▸ EXERCISE INSTRUCTIONS
For each line of the data below that holds "font", copy the line.

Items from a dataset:
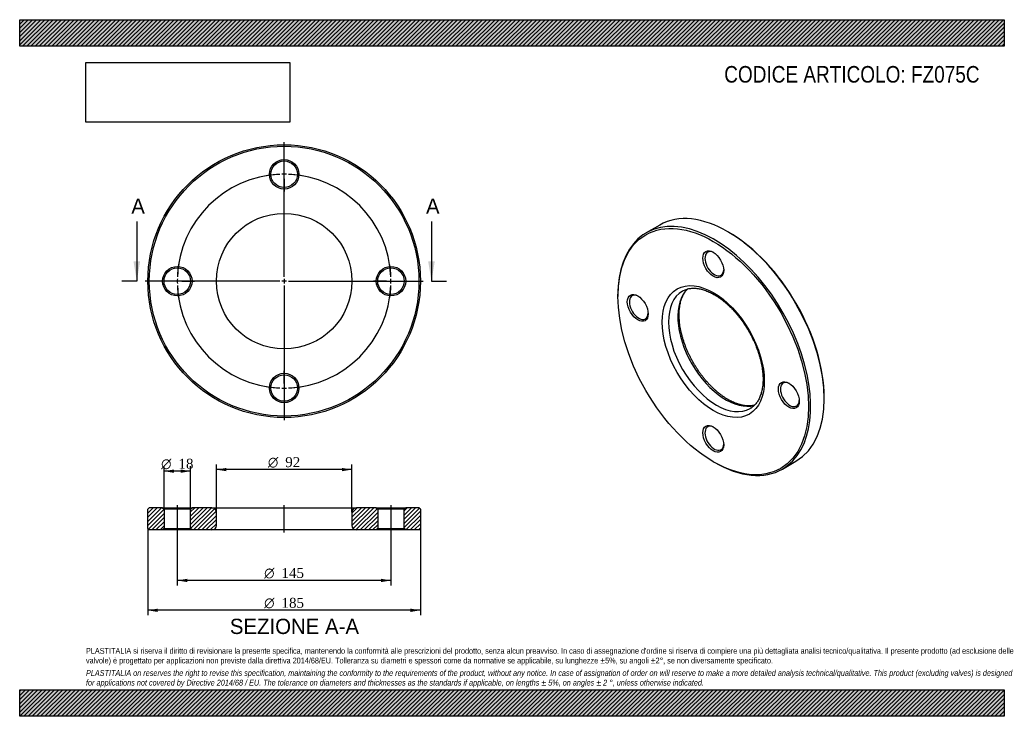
# Model space of a CAD drawing. Header units: millimetres. Extents: x 0 to 668, y 0 to 473.
import ezdxf
from ezdxf.enums import TextEntityAlignment as Align
from ezdxf.lldxf.tags import DXFTag

# ---------------------------------------------------------------- set-up
doc = ezdxf.new("R2010")
doc.units = ezdxf.units.MM
doc.header["$LTSCALE"] = 2.25
for name, color, linetype in [('Default', 7, 'Continuous'), ('DV2_Default', 7, 'Continuous'), ('DV3_Default', 7, 'Continuous'), ('FZ075C', 7, 'Continuous')]:
    doc.layers.add(name, color=color, linetype=linetype)
doc.styles.add('SEACAD_Solid_Edge_ANSI', font='seans.ttf')
doc.styles.add('SEACAD_Solid_Edge_ANSI1_Symbols', font='semeca1.ttf')
doc.styles.add('SEACAD_Times_New_Roman', font='times.ttf')
tags = doc.linetypes.add('CENTER2', pattern=[28.575, 19.05, -3.175, 3.175, -3.175]).pattern_tags.tags
tags[10:11] = [DXFTag(74, 4), DXFTag(75, 0), DXFTag(340, '0'), DXFTag(46, 0.0), DXFTag(50, 0.0), DXFTag(44, 0.0), DXFTag(45, 0.0)]
tags[8:9] = [DXFTag(74, 4), DXFTag(75, 0), DXFTag(340, '0'), DXFTag(46, 0.0), DXFTag(50, 0.0), DXFTag(44, 0.0), DXFTag(45, 0.0)]
tags[6:7] = [DXFTag(74, 4), DXFTag(75, 0), DXFTag(340, '0'), DXFTag(46, 0.0), DXFTag(50, 0.0), DXFTag(44, 0.0), DXFTag(45, 0.0)]
tags[4:5] = [DXFTag(74, 4), DXFTag(75, 0), DXFTag(340, '0'), DXFTag(46, 0.0), DXFTag(50, 0.0), DXFTag(44, 0.0), DXFTag(45, 0.0)]
picture_1 = doc.add_image_def('image1.jpg', size_in_pixel=(4302, 1260))

# ---------------------------------------------------------------- blocks, each defined once
blk = doc.blocks.new('SE')
at = {"layer": 'FZ075C', "color": 7, "linetype": 'Continuous'}
for p, q in [((434.37, 333.23), (425.18, 327.93)), ((481.33, 328.24), (480.62, 328.65)), ((406.02, 285.58), (406.02, 284.76)), ((546.03, 215.36), (546.03, 216.18)), ((470.72, 172.7), (471.43, 172.29)), ((517.68, 167.71), (526.87, 173.02))]:
    blk.add_line(p, q, dxfattribs=at)
for centre, major_axis, start_param, end_param in [((480.62, 253.12), (-46.25, 80.11), 3.141593, 6.283185), ((471.43, 247.82), (46.25, -80.11), 0, 3.926991), ((481.33, 253.53), (45.75, -79.24), 0.785398, 2.356194), ((471.43, 307.01), (-4.5, 7.79), 0, 3.872873), ((471.43, 307.01), (-4.5, 7.79), 5.551905, 6.283185), ((472.85, 248.63), (-23, 39.84), 0.002744, 3.139922), ((479.21, 252.31), (23, -39.84), 3.282896, 6.139971), ((472.85, 248.63), (-23, 39.84), 0, 0.002744), ((420.17, 277.42), (-4.5, 7.79), 0, 3.872873), ((420.17, 277.42), (-4.5, 7.79), 5.551905, 6.283185), ((522.7, 218.22), (-4.5, 7.79), 0, 3.872873), ((522.7, 218.22), (-4.5, 7.79), 5.551905, 6.283185), ((472.85, 248.63), (-23, 39.84), 3.139922, 3.141593), ((471.43, 188.62), (-4.5, 7.79), 0, 3.872873), ((471.43, 188.62), (-4.5, 7.79), 5.551905, 6.283185), ((471.43, 247.82), (46.25, -80.11), 5.497787, 6.283185)]:
    blk.add_ellipse(centre, major_axis=major_axis, ratio=0.57735, start_param=start_param, end_param=end_param, dxfattribs=at)
for centre, major_axis in [((470.72, 247.41), (-45.75, 79.24)), ((470.72, 306.61), (5, -8.66)), ((470.72, 247.41), (24.5, -42.44)), ((419.46, 277.01), (5, -8.66)), ((521.99, 217.81), (5, -8.66)), ((470.72, 188.21), (5, -8.66))]:
    blk.add_ellipse(centre, major_axis=major_axis, ratio=0.57735, dxfattribs=at)
for points, knots in [([(480.71, 214.9), (480.4, 215.08), (479.64, 215.52), (478.26, 216.4), (476.67, 217.51), (475.07, 218.71), (473.48, 219.99), (471.9, 221.36), (470.34, 222.82), (468.8, 224.34), (467.29, 225.94), (465.81, 227.61), (464.36, 229.35), (462.96, 231.14), (461.59, 232.99), (460.27, 234.89), (459, 236.84), (457.78, 238.83), (456.62, 240.85), (455.52, 242.91), (454.48, 244.99), (453.5, 247.08), (452.6, 249.19), (451.76, 251.31), (450.99, 253.43), (450.3, 255.55), (449.68, 257.66), (449.14, 259.75), (448.68, 261.82), (448.29, 263.87), (447.99, 265.89), (447.76, 267.86), (447.62, 269.8), (447.55, 271.69), (447.56, 273.52), (447.66, 275.3), (447.82, 277.01), (448.07, 278.66), (448.38, 280.24), (448.77, 281.75), (449.23, 283.17), (449.76, 284.52), (450.36, 285.79), (451.02, 286.97), (451.75, 288.08), (452.51, 289.04), (453.03, 289.61), (453.28, 289.86)], [0, 0, 0, 0, 0.0109591, 0.0318895, 0.0528348, 0.073795, 0.0947719, 0.1157661, 0.1367775, 0.1578056, 0.1788492, 0.199907, 0.2209775, 0.2420589, 0.2631496, 0.2842478, 0.3053514, 0.3264588, 0.3475679, 0.3686769, 0.3897832, 0.410885, 0.4319803, 0.4530672, 0.4741439, 0.4952084, 0.5162591, 0.5372941, 0.558312, 0.5793113, 0.6002911, 0.6212508, 0.6421902, 0.6631104, 0.6840133, 0.7049022, 0.7257827, 0.7466614, 0.7675465, 0.7884516, 0.8093947, 0.8303988, 0.8514924, 0.8727099, 0.89409, 0.915673, 0.9341556, 0.9341556, 0.9341556, 0.9341556]), ([(449.8, 288.43), (449.88, 288.48), (450.28, 288.74), (451.15, 289.15), (452.32, 289.6), (453.55, 289.96), (454.84, 290.2), (456.16, 290.34), (457.52, 290.38), (458.92, 290.32), (460.36, 290.15), (461.83, 289.88), (463.32, 289.51), (464.84, 289.05), (466.39, 288.48), (467.96, 287.81), (469.54, 287.05), (471.13, 286.18), (472.73, 285.23), (474.33, 284.18), (475.93, 283.03), (477.53, 281.8), (479.12, 280.49), (480.69, 279.09), (482.24, 277.61), (483.77, 276.06), (485.27, 274.44), (486.74, 272.74), (488.18, 270.99), (489.57, 269.17), (490.92, 267.3), (492.22, 265.39), (493.48, 263.43), (494.68, 261.42), (495.82, 259.39), (496.9, 257.33), (497.92, 255.24), (498.87, 253.14), (499.75, 251.03), (500.57, 248.91), (501.31, 246.78), (501.97, 244.67), (502.57, 242.57), (503.08, 240.48), (503.52, 238.41), (503.87, 236.38), (504.15, 234.38), (504.35, 232.41), (504.47, 230.49), (504.51, 228.62), (504.47, 226.81), (504.35, 225.05), (504.16, 223.36), (503.89, 221.73), (503.55, 220.18), (503.13, 218.7), (502.65, 217.3), (502.09, 215.98), (501.47, 214.74), (500.79, 213.58), (500.04, 212.51), (499.22, 211.52), (498.34, 210.62), (497.39, 209.82), (496.53, 209.19), (496.01, 208.91), (495.8, 208.79)], [0, 0, 0, 0, 0.003673, 0.020689, 0.037688, 0.054572, 0.071284, 0.087799, 0.104123, 0.120278, 0.136294, 0.152202, 0.16803, 0.183802, 0.199535, 0.215247, 0.230947, 0.246645, 0.262345, 0.278051, 0.293768, 0.309496, 0.325236, 0.34099, 0.356757, 0.372535, 0.388326, 0.404126, 0.419935, 0.435753, 0.451576, 0.467405, 0.483238, 0.499073, 0.514908, 0.530743, 0.546576, 0.562404, 0.578227, 0.594044, 0.609852, 0.625651, 0.641438, 0.657214, 0.672976, 0.688725, 0.704458, 0.720176, 0.735879, 0.751568, 0.767245, 0.782913, 0.798576, 0.814239, 0.829911, 0.845601, 0.861325, 0.877103, 0.892955, 0.90891, 0.924998, 0.941247, 0.957684, 0.974319, 0.99114, 1, 1, 1, 1]), ([(498.77, 211.07), (498.54, 211.01), (497.88, 210.86), (496.77, 210.68), (495.43, 210.57), (494.05, 210.57), (492.64, 210.67), (491.2, 210.87), (489.72, 211.17), (488.21, 211.58), (486.68, 212.08), (485.13, 212.68), (483.57, 213.38), (482.06, 214.14), (481.17, 214.64), (480.71, 214.9)], [0.2000321, 0.2000321, 0.2000321, 0.2000321, 0.2388042, 0.3060407, 0.37248, 0.4381726, 0.5032235, 0.5677569, 0.6318935, 0.6957406, 0.7593873, 0.8229054, 0.8863505, 0.9497646, 1, 1, 1, 1])]:
    blk.add_open_spline(points, degree=3, knots=knots, dxfattribs=at)
blk = doc.blocks.new('SE1')
at = {"layer": 'Default', "color": 7, "linetype": 'CENTER2'}
for start, end in [(92.37086, 177.62914), (2.37086, 87.62914), (182.37086, 267.62914), (272.37086, 357.62914)]:
    blk.add_arc((179.48, 295.16), 72.5, start, end, dxfattribs=at)
at = {"layer": 'DV2_Default', "color": 7, "linetype": 'CENTER2'}
for p, q in [((179.48, 298.16), (179.48, 389.41)), ((179.48, 370.66), (179.48, 379.41)), ((179.48, 366.16), (179.48, 369.16)), ((179.48, 364.66), (179.48, 355.91)), ((176.48, 295.16), (85.23, 295.16)), ((103.98, 295.16), (95.23, 295.16)), ((108.48, 295.16), (105.48, 295.16)), ((109.98, 295.16), (118.73, 295.16)), ((180.98, 295.16), (177.98, 295.16)), ((179.48, 296.66), (179.48, 293.66)), ((182.48, 295.16), (273.73, 295.16)), ((248.98, 295.16), (240.23, 295.16)), ((248.98, 295.16), (241.23, 295.16)), ((250.48, 295.16), (253.48, 295.16)), ((250.48, 295.16), (253.48, 295.16)), ((254.98, 295.16), (262.73, 295.16)), ((254.98, 295.16), (263.73, 295.16)), ((179.48, 292.16), (179.48, 200.91)), ((179.48, 225.66), (179.48, 234.41)), ((179.48, 224.16), (179.48, 221.16)), ((179.48, 219.66), (179.48, 210.91))]:
    blk.add_line(p, q, dxfattribs=at)
for start, end in [(92.37086, 99.28587), (88.81457, 91.18543), (80.71413, 87.62914), (170.71413, 177.62914), (2.37086, 9.28587), (2.37086, 8.49558), (178.81457, 181.18543), (358.81457, 1.18543), (358.81457, 1.18543), (182.37086, 189.28587), (350.71413, 357.62914), (351.50442, 357.62914), (260.71413, 267.62914), (268.81457, 271.18543), (272.37086, 279.28587)]:
    blk.add_arc((179.48, 295.16), 72.5, start, end, dxfattribs=at)
at = {"layer": 'FZ075C', "color": 7, "linetype": 'Continuous'}
for centre, radius in [((179.48, 295.16), 92.5), ((179.48, 295.16), 91.5), ((179.48, 367.66), 10), ((179.48, 367.66), 9), ((179.48, 295.16), 46), ((106.98, 295.16), 10), ((106.98, 295.16), 9), ((251.98, 295.16), 10), ((251.98, 295.16), 9), ((179.48, 222.66), 10), ((179.48, 222.66), 9)]:
    blk.add_circle(centre, radius, dxfattribs=at)
blk = doc.blocks.new('SE3')
at = {"color": 7, "linetype": 'Continuous', "style": 'SEACAD_Solid_Edge_ANSI'}
blk.add_text('A', height=10.35, dxfattribs=at).set_placement((75.75, 351.18), align=Align.TOP_LEFT)
blk = doc.blocks.new('SE4')
at = {"color": 7, "linetype": 'Continuous', "style": 'SEACAD_Solid_Edge_ANSI'}
blk.add_text('A', height=10.35, dxfattribs=at).set_placement((275.75, 351.18), align=Align.TOP_LEFT)
blk = doc.blocks.new('SEANNOT_GROUP')
at = {"linetype": 'Continuous'}
blk.add_hatch(color=7, dxfattribs=at).paths.add_polyline_path([(77.23, 308.66), (79.48, 295.16), (81.73, 308.66)])
at = {"color": 7, "linetype": 'Continuous'}
blk.add_lwpolyline([(79.48, 335.66), (79.48, 295.16)], dxfattribs=at)
blk = doc.blocks.new('SEANNOT_GROUP1')
at = {"linetype": 'Continuous'}
blk.add_hatch(color=7, dxfattribs=at).paths.add_polyline_path([(277.23, 308.66), (279.48, 295.16), (281.73, 308.66)])
at = {"color": 7, "linetype": 'Continuous'}
blk.add_lwpolyline([(279.48, 335.66), (279.48, 295.16)], dxfattribs=at)
blk = doc.blocks.new('SE2')
at = {"layer": 'Default', "color": 7, "linetype": 'CENTER2'}
for p, q in [((79.48, 295.16), (69.35, 295.16)), ((279.48, 295.16), (289.6, 295.16))]:
    blk.add_line(p, q, dxfattribs=at)
at = {"layer": 'Default'}
for name in ['SE3', 'SE4', 'SEANNOT_GROUP', 'SEANNOT_GROUP1']:
    blk.add_blockref(name, (0, 0), dxfattribs=at)
blk = doc.blocks.new('SE5')
at = {"layer": 'FZ075C', "linetype": 'Continuous'}
h = blk.add_hatch(dxfattribs=at)
h.set_pattern_fill('LINE', scale=0.62992, angle=45, style=0)
h.paths.add_polyline_path([(96.98, 141.39), (87.98, 141.39), (86.98, 140.39), (86.98, 127.39), (87.98, 126.39), (96.98, 126.39), (97.98, 127.39), (97.98, 140.39)])
h = blk.add_hatch(dxfattribs=at)
h.set_pattern_fill('LINE', scale=0.62992, angle=45, style=0)
edge = h.paths.add_edge_path()
edge.add_line((116.98, 126.39), (130.48, 126.39))
edge.add_arc((130.48, 129.39), 3, 270, 360)
edge.add_line((133.48, 129.39), (133.48, 138.39))
edge.add_arc((130.48, 138.39), 3, 0, 90)
edge.add_line((130.48, 141.39), (116.98, 141.39))
edge.add_line((116.98, 141.39), (115.98, 140.39))
edge.add_line((115.98, 140.39), (115.98, 127.39))
edge.add_line((115.98, 127.39), (116.98, 126.39))
h = blk.add_hatch(dxfattribs=at)
h.set_pattern_fill('LINE', scale=0.62992, angle=45, style=0)
edge = h.paths.add_edge_path()
edge.add_line((242.98, 127.39), (242.98, 140.39))
edge.add_line((242.98, 140.39), (241.98, 141.39))
edge.add_line((241.98, 141.39), (228.48, 141.39))
edge.add_arc((228.48, 138.39), 3, 90, 180)
edge.add_line((225.48, 138.39), (225.48, 129.39))
edge.add_arc((228.48, 129.39), 3, 180, 270)
edge.add_line((228.48, 126.39), (241.98, 126.39))
edge.add_line((241.98, 126.39), (242.98, 127.39))
h = blk.add_hatch(dxfattribs=at)
h.set_pattern_fill('LINE', scale=0.62992, angle=45, style=0)
h.paths.add_polyline_path([(260.98, 140.39), (260.98, 127.39), (261.98, 126.39), (270.98, 126.39), (271.98, 127.39), (271.98, 140.39), (270.98, 141.39), (261.98, 141.39)])
at = {"layer": 'DV3_Default', "color": 7, "linetype": 'CENTER2'}
for p, q in [((106.98, 143.14), (106.98, 124.64)), ((179.48, 124.64), (179.48, 143.14)), ((251.98, 143.14), (251.98, 124.64))]:
    blk.add_line(p, q, dxfattribs=at)
at = {"layer": 'FZ075C', "color": 7, "linetype": 'Continuous'}
for p, q in [((87.98, 141.39), (86.98, 140.39)), ((86.98, 127.39), (86.98, 140.39)), ((96.98, 141.39), (87.98, 141.39)), ((96.98, 141.39), (116.98, 141.39)), ((96.98, 141.39), (97.98, 140.39)), ((115.98, 140.39), (97.98, 140.39)), ((97.98, 140.39), (97.98, 127.39)), ((115.98, 140.39), (116.98, 141.39)), ((115.98, 127.39), (115.98, 140.39)), ((130.48, 141.39), (116.98, 141.39)), ((130.48, 141.39), (228.48, 141.39)), ((241.98, 141.39), (228.48, 141.39)), ((241.98, 141.39), (261.98, 141.39)), ((241.98, 141.39), (242.98, 140.39)), ((260.98, 140.39), (242.98, 140.39)), ((242.98, 140.39), (242.98, 127.39)), ((260.98, 140.39), (261.98, 141.39)), ((260.98, 127.39), (260.98, 140.39)), ((270.98, 141.39), (261.98, 141.39)), ((271.98, 140.39), (270.98, 141.39)), ((271.98, 140.39), (271.98, 127.39)), ((133.48, 129.39), (133.48, 138.39)), ((225.48, 138.39), (225.48, 129.39)), ((86.98, 127.39), (87.98, 126.39)), ((97.98, 127.39), (96.98, 126.39)), ((97.98, 127.39), (115.98, 127.39)), ((116.98, 126.39), (115.98, 127.39)), ((242.98, 127.39), (241.98, 126.39)), ((242.98, 127.39), (260.98, 127.39)), ((261.98, 126.39), (260.98, 127.39)), ((270.98, 126.39), (271.98, 127.39)), ((96.98, 126.39), (87.98, 126.39)), ((116.98, 126.39), (96.98, 126.39)), ((130.48, 126.39), (116.98, 126.39)), ((228.48, 126.39), (130.48, 126.39)), ((241.98, 126.39), (228.48, 126.39)), ((261.98, 126.39), (241.98, 126.39)), ((270.98, 126.39), (261.98, 126.39))]:
    blk.add_line(p, q, dxfattribs=at)
for centre, start, end in [((130.48, 138.39), 0, 90), ((228.48, 138.39), 90, 180), ((130.48, 129.39), 270, 0), ((228.48, 129.39), 180, 270)]:
    blk.add_arc(centre, 3, start, end, dxfattribs=at)
blk = doc.blocks.new('GDimGGroup')
at = {"layer": 'Default', "linetype": 'Continuous'}
for points in [[(113.73, 91.03), (113.73, 93.28), (106.98, 92.16)], [(245.23, 91.03), (251.98, 92.16), (245.23, 93.28)]]:
    blk.add_hatch(color=7, dxfattribs=at).paths.add_polyline_path(points)
at = {"layer": 'Default', "color": 7, "linetype": 'Continuous'}
for p, q in [((106.98, 126.39), (106.98, 88.78)), ((251.98, 126.39), (251.98, 88.78)), ((251.98, 92.16), (106.98, 92.16))]:
    blk.add_line(p, q, dxfattribs=at)
for s, style, p in [('O', 'SEACAD_Solid_Edge_ANSI1_Symbols', (165.93, 100.59)), ('145', 'SEACAD_Times_New_Roman', (177.67, 100.59))]:
    blk.add_text(s, height=6.75, dxfattribs=dict(at, style=style)).set_placement(p, align=Align.TOP_LEFT)
blk = doc.blocks.new('GDimGGroup1')
at = {"layer": 'Default', "linetype": 'Continuous'}
for points in [[(104.73, 167.39), (97.98, 166.26), (104.73, 165.14)], [(109.23, 167.39), (109.23, 165.14), (115.98, 166.26)]]:
    blk.add_hatch(color=7, dxfattribs=at).paths.add_polyline_path(points)
at = {"layer": 'Default', "color": 7, "linetype": 'Continuous'}
for p, q in [((97.98, 140.39), (97.98, 169.64)), ((115.98, 140.39), (115.98, 169.64)), ((115.98, 166.26), (97.98, 166.26))]:
    blk.add_line(p, q, dxfattribs=at)
for s, style, p in [('O', 'SEACAD_Solid_Edge_ANSI1_Symbols', (95.99, 174.7)), ('18', 'SEACAD_Times_New_Roman', (107.73, 174.7))]:
    blk.add_text(s, height=6.75, dxfattribs=dict(at, style=style)).set_placement(p, align=Align.TOP_LEFT)
blk = doc.blocks.new('GDimGGroup2')
at = {"layer": 'Default', "linetype": 'Continuous'}
for points in [[(140.23, 168.47), (133.48, 167.34), (140.23, 166.22)], [(218.73, 168.47), (218.73, 166.22), (225.48, 167.34)]]:
    blk.add_hatch(color=7, dxfattribs=at).paths.add_polyline_path(points)
at = {"layer": 'Default', "color": 7, "linetype": 'Continuous'}
for p, q in [((133.48, 138.39), (133.48, 170.72)), ((225.48, 167.34), (133.48, 167.34)), ((225.48, 138.39), (225.48, 170.72))]:
    blk.add_line(p, q, dxfattribs=at)
for s, style, p in [('O', 'SEACAD_Solid_Edge_ANSI1_Symbols', (168.49, 175.78)), ('92', 'SEACAD_Times_New_Roman', (180.23, 175.78))]:
    blk.add_text(s, height=6.75, dxfattribs=dict(at, style=style)).set_placement(p, align=Align.TOP_LEFT)
blk = doc.blocks.new('GDimGGroup3')
at = {"layer": 'Default', "linetype": 'Continuous'}
for points in [[(93.73, 70.78), (93.73, 73.03), (86.98, 71.91)], [(265.23, 70.78), (271.98, 71.91), (265.23, 73.03)]]:
    blk.add_hatch(color=7, dxfattribs=at).paths.add_polyline_path(points)
at = {"layer": 'Default', "color": 7, "linetype": 'Continuous'}
for p, q in [((86.98, 127.39), (86.98, 68.53)), ((271.98, 127.39), (271.98, 68.53)), ((271.98, 71.91), (86.98, 71.91))]:
    blk.add_line(p, q, dxfattribs=at)
for s, style, p in [('O', 'SEACAD_Solid_Edge_ANSI1_Symbols', (165.93, 80.34)), ('185', 'SEACAD_Times_New_Roman', (177.67, 80.34))]:
    blk.add_text(s, height=6.75, dxfattribs=dict(at, style=style)).set_placement(p, align=Align.TOP_LEFT)

msp = doc.modelspace()

# ---------------------------------------------------------------- hatches: boundary and pattern name
at = {"layer": 'Default', "linetype": 'Continuous'}
h = msp.add_hatch(dxfattribs=at)
h.set_pattern_fill('LINE', scale=0.62992, angle=45, style=0)
h.paths.add_polyline_path([(668.25, 454.5), (668.25, 472.5), (0, 472.5), (0, 454.5)])
for points in [[(668.25, 454.5), (668.25, 472.5), (0, 472.5), (0, 454.5)], [(668.25, 0), (668.25, 18), (0, 18), (0, 0)]]:
    msp.add_hatch(color=7, dxfattribs=at).paths.add_polyline_path(points)
h = msp.add_hatch(dxfattribs=at)
h.set_pattern_fill('LINE', scale=0.62992, angle=45, style=0)
h.paths.add_polyline_path([(668.25, 0), (668.25, 18), (0, 18), (0, 0)])

# ---------------------------------------------------------------- linework, layer by layer
at = {"layer": 'Default', "color": 7, "linetype": 'Continuous'}
for p, q in [((0, 472.5), (668.25, 472.5)), ((0, 454.5), (0, 472.5)), ((668.25, 472.5), (668.25, 454.5)), ((668.25, 454.5), (0, 454.5)), ((0, 18), (668.25, 18)), ((0, 0), (0, 18)), ((668.25, 18), (668.25, 0)), ((668.25, 0), (0, 0))]:
    msp.add_line(p, q, dxfattribs=at)

# ---------------------------------------------------------------- block references
at = {"layer": 'Default'}
for name in ['SE1', 'SE2', 'SE', 'GDimGGroup1', 'GDimGGroup2', 'SE5', 'GDimGGroup3', 'GDimGGroup']:
    msp.add_blockref(name, (0, 0), dxfattribs=at)

# ---------------------------------------------------------------- texts
at = {"layer": 'Default', "color": 7, "linetype": 'Continuous', "style": 'SEACAD_Solid_Edge_ANSI'}
msp.add_text('SEZIONE A-A', height=10.35, dxfattribs=at).set_placement((142.63, 66.17), align=Align.TOP_LEFT)
at = {"layer": 'Default', "attachment_point": 1}
for s, insert, char_height, width in [('{\\fArial Narrow|b0||i0||c0|p34;\\C7;\\H11.25;\\W1.;CODICE ARTICOLO: FZ075C}', (478.17, 441.08), 11.25, 178.4241), ("{\\fArial Narrow|b0||i0||c0|p34;\\C7;\\H3.9375;\\W1.;PLASTITALIA si riserva il diritto di revisionare la presente specifica, mantenendo la conformità alle prescrizioni del prodotto, senza alcun preavviso. In caso di assegnazione d'ordine si riserva di compiere una più dettagliata analisi tecnico/qualitativa. Il presente prodotto (ad esclusione delle \\P}{\\fArial Narrow|b0||i0||c0|p34;\\C7;\\H3.9375;\\W1.;valvole) è progettato per applicazioni non previste dalla direttiva 2014/68/EU. Tolleranza su diametri e spessori come da normative se applicabile, su lunghezze ±5%, su angoli ±2°, se non diversamente specificato.\\P}{\\fArial Narrow|b0||i0||c0|p34;\\C7;\\H1.125;\\W1.;   \\P}{\\fArial Narrow|b0||i1||c0|p34;\\C7;\\H3.9375;\\W1.;PLASTITALIA on reserves the right to revise this specification, maintaining the conformity to the requirements of the product, without any notice. In case of assignation of order on will reserve to make a more detailed analysis technical/qualitative. This product (excluding valves) is designed \\P}{\\fArial Narrow|b0||i1||c0|p34;\\C7;\\H3.9375;\\W1.;for applications not covered by Directive 2014/68 / EU. The tolerance on diameters and thicknesses as the standards if applicable, on lengths ± 5%, on angles ± 2 °, unless otherwise indicated.\\P}", (45, 46.36), 3.9375, 578.25)]:
    msp.add_mtext(s, dxfattribs=dict(at, insert=insert, char_height=char_height, width=width))

# ---------------------------------------------------------------- pictures from other files: only their frames are drawn
image = msp.add_image(picture_1, insert=(45, 402.98), size_in_units=(138.28, 40.5))
image.dxf.flags = 7

doc.saveas('drawing.dxf')

▸ SOLUTION
doc.styles.add('SEACAD_Solid_Edge_ANSI', font='seans.ttf')
doc.styles.add('SEACAD_Solid_Edge_ANSI1_Symbols', font='semeca1.ttf')
doc.styles.add('SEACAD_Times_New_Roman', font='times.ttf')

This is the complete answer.